Yeah mine works fine. I just programmed the remote to my TV brand and it worked (only when the remote is in TV mode.) Make sure you turn off limited mode in the remote manager so you can actually switch to TV mode. For some reason on my 40.0 remotes the INPUT button is "laggy" in which I have to hit it twice usually for it to work. Never had that problem on the 20.0.


----------



## Oldcoot (Dec 17, 2004)

I set mine up using the learn mode. Works fine.


----------



## Inkosaurus (Jul 29, 2011)

BarneyC said:


> I've been told that this can't be done.


lolwhat. Who told you that nonsense?

Make sure your remote is addressed to your tv set and it should work. If its not working its really due to one of three reasons.

1.The input button itself is broken.

2. The remote might have it locked out, call in to the call center and have them teach you how to unlock it. Some techs lock the remotes at the first installation to hopefully prevent customers calling in with snowy/blue/black screens.

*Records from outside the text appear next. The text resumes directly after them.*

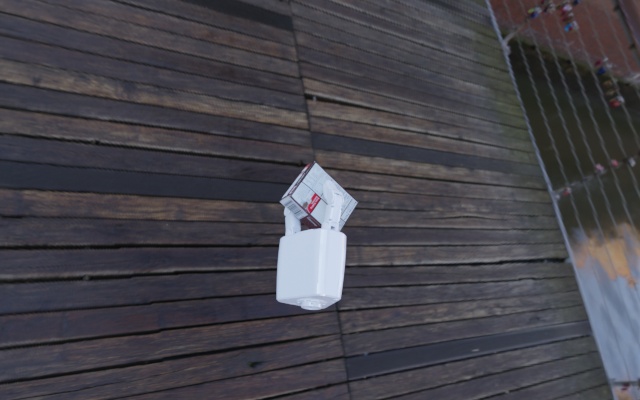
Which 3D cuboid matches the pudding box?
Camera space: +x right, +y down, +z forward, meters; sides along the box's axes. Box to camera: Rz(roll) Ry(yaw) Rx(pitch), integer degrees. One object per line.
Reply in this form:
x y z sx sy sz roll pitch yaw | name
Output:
0.000 0.003 0.821 0.113 0.090 0.039 44 -34 -15 | pudding box
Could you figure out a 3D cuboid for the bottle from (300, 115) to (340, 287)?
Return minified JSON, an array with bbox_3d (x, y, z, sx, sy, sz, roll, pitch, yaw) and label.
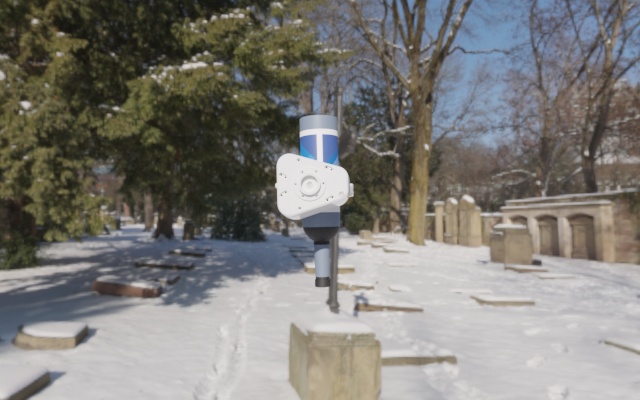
[{"bbox_3d":[0.000,0.002,0.837,0.069,0.295,0.069,-2,-3,0],"label":"bottle"}]
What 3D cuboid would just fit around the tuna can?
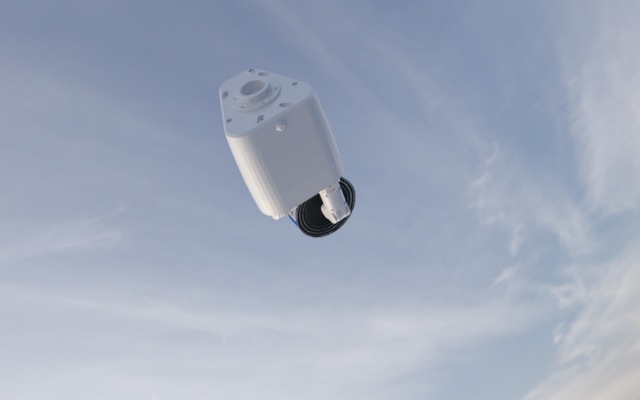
[{"bbox_3d":[0.000,0.002,0.602,0.086,0.086,0.033,0,28,-36],"label":"tuna can"}]
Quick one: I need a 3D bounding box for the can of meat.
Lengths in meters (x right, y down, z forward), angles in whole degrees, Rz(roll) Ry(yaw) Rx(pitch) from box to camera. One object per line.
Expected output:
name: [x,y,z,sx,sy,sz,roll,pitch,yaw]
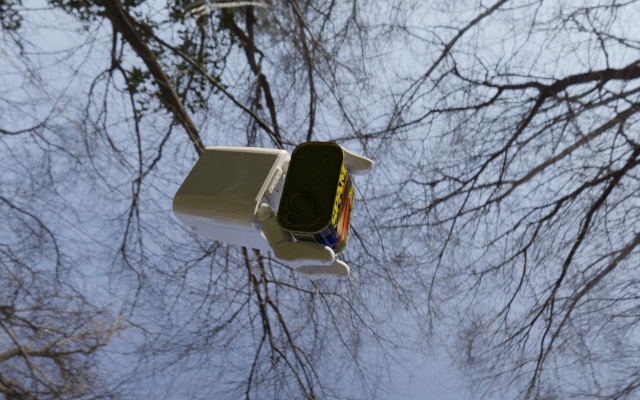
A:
can of meat: [0.000,0.002,0.512,0.057,0.102,0.084,4,-24,17]
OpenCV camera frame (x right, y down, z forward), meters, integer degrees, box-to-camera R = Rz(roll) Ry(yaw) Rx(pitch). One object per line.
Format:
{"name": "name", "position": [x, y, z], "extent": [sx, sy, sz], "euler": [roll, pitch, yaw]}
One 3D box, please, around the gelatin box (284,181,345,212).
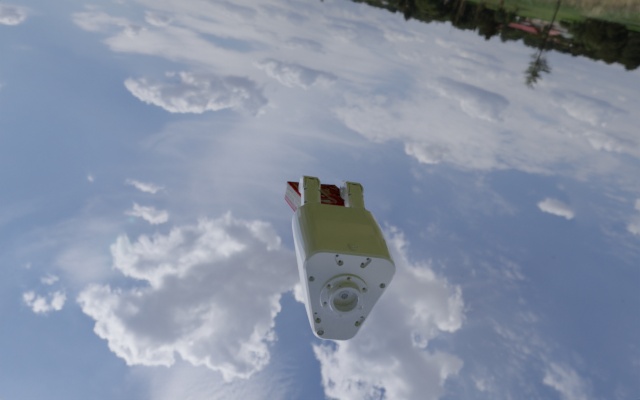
{"name": "gelatin box", "position": [0.000, 0.002, 0.634], "extent": [0.073, 0.030, 0.089], "euler": [3, 19, -23]}
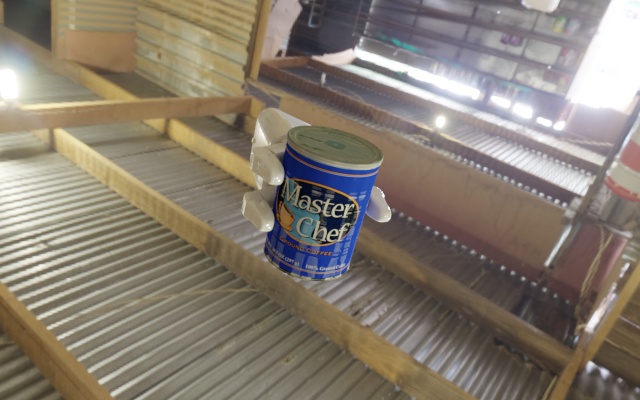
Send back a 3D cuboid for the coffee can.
[{"bbox_3d":[0.000,0.002,0.524,0.103,0.140,0.102,12,25,-6],"label":"coffee can"}]
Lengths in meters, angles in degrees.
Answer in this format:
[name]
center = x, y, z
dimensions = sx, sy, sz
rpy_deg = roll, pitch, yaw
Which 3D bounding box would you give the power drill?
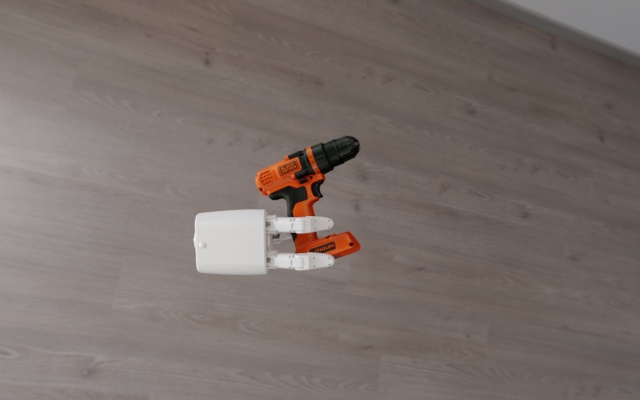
[power drill]
center = 0.000, 0.003, 0.772
dimensions = 0.184, 0.187, 0.057
rpy_deg = -23, -17, 13

3. Very rarely sometimes the code doesnt take completely and not all the functions interface very well. You can try different remote codes to see if it works.


----------



## 3HaloODST (Aug 9, 2010)

On the 32.0/40.0 remotes you can set limited mode on or off via Remote Manager in MENU > Settings > Remote Manager > Limited Mode.

On the 20.0/21.0 you can turn limited mode on/off by holding TV until all buttons light up, then pressing PAGE UP / PAGE DOWN (as stated on page 8 of the remote manual located at http://www.mydish.com/support/filestream.ashx?ID=678 .) For a 32.0 manual (closest thing Dish has to the 40.0 manual on their website) go here: http://www.mydish.com/support/filestream.ashx?ID=681

Also, for tips on teaching your remotes custom commands, go here: http://www.mydish.com/support/teach-learning-remote-20-21 (click on 32.0 / 40.0 if you need instructions for them instead.)


----------



## sregener (Apr 17, 2012)

The input button on my remote works perfectly, without having to learn a command. I did have to turn off limited mode.

The only thing I had to teach my remote was how to turn off my AV receiver.


----------



## TxDave (Mar 29, 2006)

sregener said:


> The input button on my remote works perfectly, without having to learn a command. I did have to turn off limited mode.
> 
> Same here. I had to turn off limited mode on both hoppers and input buttons work. No learning required.


----------